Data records
▶

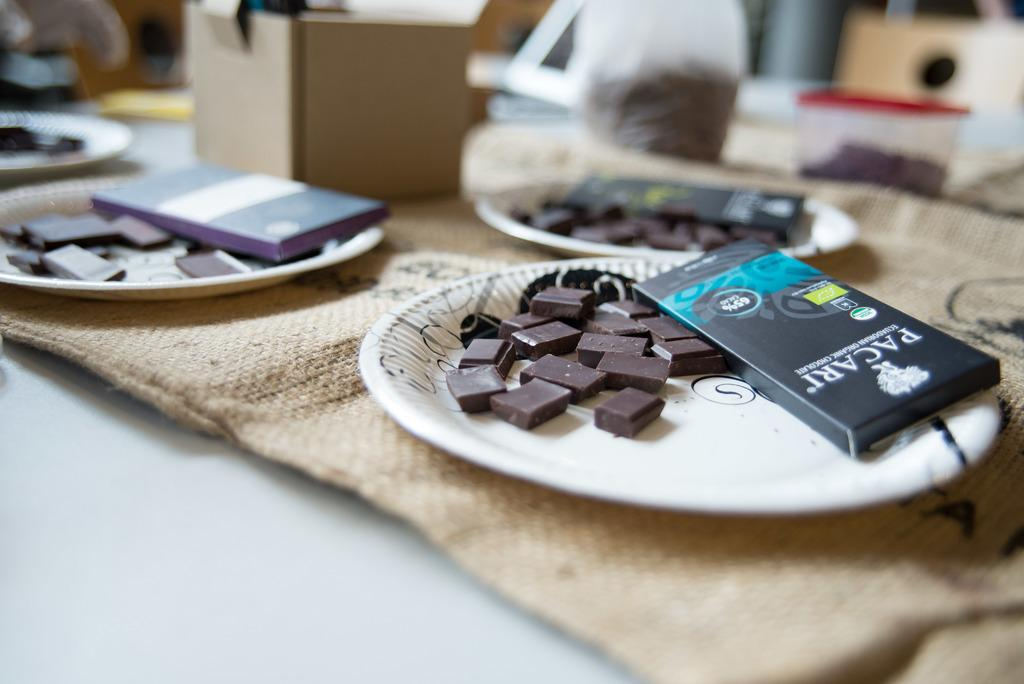Provide a one-sentence caption for the provided image. A box of chocolate from Pacari lays on a paper plate along side some chocolate squares. 
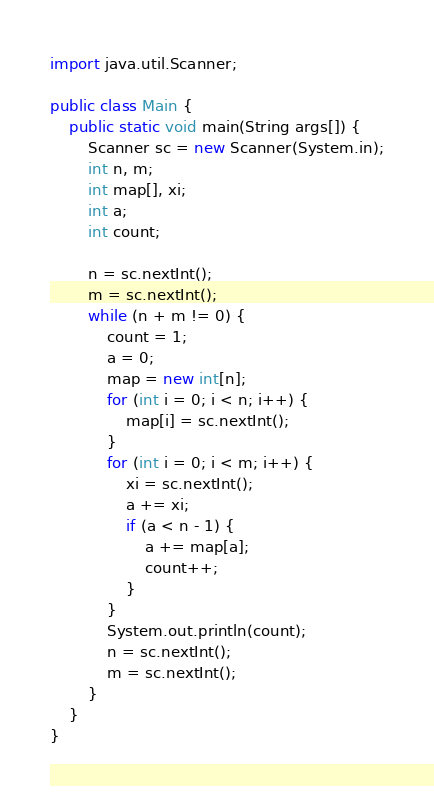Convert code to text. <code><loc_0><loc_0><loc_500><loc_500><_Java_>import java.util.Scanner;

public class Main {
	public static void main(String args[]) {
		Scanner sc = new Scanner(System.in);
		int n, m;
		int map[], xi;
		int a;
		int count;

		n = sc.nextInt();
		m = sc.nextInt();
		while (n + m != 0) {
			count = 1;
			a = 0;
			map = new int[n];
			for (int i = 0; i < n; i++) {
				map[i] = sc.nextInt();
			}
			for (int i = 0; i < m; i++) {
				xi = sc.nextInt();
				a += xi;
				if (a < n - 1) {
					a += map[a];
					count++;
				}
			}
			System.out.println(count);
			n = sc.nextInt();
			m = sc.nextInt();
		}
	}
}</code>

◀

#### Your objective
Your task for the entries above: copy exactly the span starting with the line with "public class Main" and going on through the line with "xi = sc.nextInt();", both lines included, and nothing else.

#### Solution for this problem
public class Main {
	public static void main(String args[]) {
		Scanner sc = new Scanner(System.in);
		int n, m;
		int map[], xi;
		int a;
		int count;

		n = sc.nextInt();
		m = sc.nextInt();
		while (n + m != 0) {
			count = 1;
			a = 0;
			map = new int[n];
			for (int i = 0; i < n; i++) {
				map[i] = sc.nextInt();
			}
			for (int i = 0; i < m; i++) {
				xi = sc.nextInt();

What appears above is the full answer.